The filing cites several Twitter posts that echoed Trump’s “many lies and demeaning remarks” about Carroll.

“These and other similar messages are exactly what Trump intended,” the amended complaint says. “Trump used a national platform to demean and mock Carroll. He egged on a laughing audience as he made light of his violent sexual assault, called Carroll names, implied that Carroll was asking to be assaulted, and dismissed the jury’s verdict vindicating Carroll.”

If Judge Lewis Kaplan allows Carroll to amend her pending lawsuit, it would be the latest example in a series of Trump’s statements about her adding to his civil legal peril.

Carroll, 79, went public with her allegation against Trump in a June 2019 New York magazine article, at a time when he was still president.

She filed her first lawsuit against him in New York state court in November 2019, claiming he defamed her by saying she was lying and that she had been motivated a political agenda and a desire to boost sales of a book when her allegations.

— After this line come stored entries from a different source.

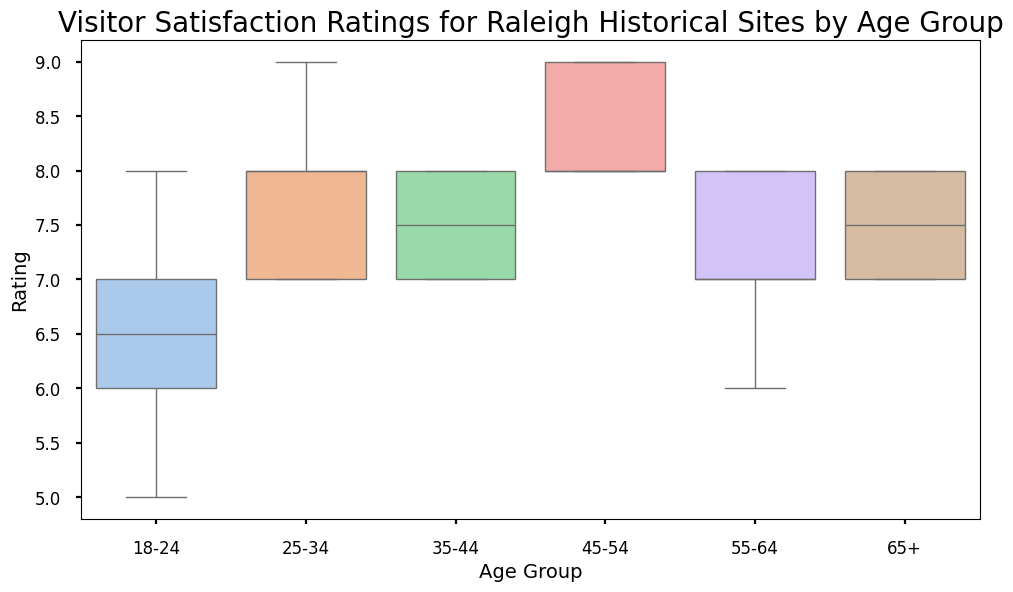What's the median satisfaction rating for the 18-24 age group? The box plot's line within the 18-24 age group's box represents the median, which falls at around 6.5. Therefore, the median satisfaction rating for the 18-24 age group is approximately 6.5.
Answer: 6.5 Which age group has the highest median satisfaction rating? By examining the middle lines of the boxes, the 45-54 age group has the highest median satisfaction rating, which appears to be closest to 8.5.
Answer: 45-54 Are there any age groups with the same median satisfaction rating? The box plots for the 25-34 and 35-44 age groups both have their medians at the same level, which is approximately 7.5. Thus, these two age groups share the same median rating.
Answer: 25-34 and 35-44 Which age group's satisfaction ratings have the smallest interquartile range (IQR)? The IQR is the range between the first (Q1) and third quartiles (Q3). The 45-54 age group's box is the narrowest, indicating the smallest IQR.
Answer: 45-54 Are there any outliers in the satisfaction ratings for any age group? Outliers are usually represented by individual points outside the whiskers. By observing the plot, there are no points outside the whiskers, indicating that there are no outliers in any of the age groups.
Answer: No Which age group's ratings have the widest range? The range is the distance between the minimum and maximum whiskers. The 18-24 age group has the widest range because its whiskers extend the furthest apart.
Answer: 18-24 How does the median satisfaction rating for the 65+ age group compare to the 55-64 age group? By comparing the middle lines of the boxes, the median rating for the 65+ age group is slightly below that of the 55-64 age group, which is around 7.5 for both groups.
Answer: Similar Which age group has the highest minimum satisfaction rating? The minimum rating is represented by the bottom whisker. The 45-54 age group has the highest minimum rating, which is around 8.
Answer: 45-54 What is the upper quartile (Q3) for the satisfaction ratings in the 25-34 age group? The upper quartile is the top of the box. For the 25-34 age group, it is around 8, indicating that 75% of the ratings are below this value.
Answer: 8 What is the median and IQR for the 55-64 age group? The IQR is the range between Q1 and Q3. For the 55-64 age group, the median is about 7.5. The IQR is the range from Q1 (around 7) to Q3 (around 8), so the IQR is 1.
Answer: Median: 7.5, IQR: 1

The first lawsuit was transferred to Manhattan federal court when the Department of Justice sought to replace Trump as a defendant, on the grounds that he was acting as president when he made those statements. Judge Kaplan refused to let the DOJ stand in Trump’s place, but appeals about his decision have prevented the lawsuit from going to trial yet.

Carroll filed a second lawsuit in Manhattan federal court last year, taking advantage of a new New York state law that allowed accusers in sexual assault or misconduct cases to file lawsuits within a one-year window if they would otherwise be barred by the civil statute of limitations.

That second complaint also alleged defamation, citing statements by Trump last fall that repeated his claim she made up being raped, calling her allegations “a complete con job,” and saying that Carroll was not his “type.”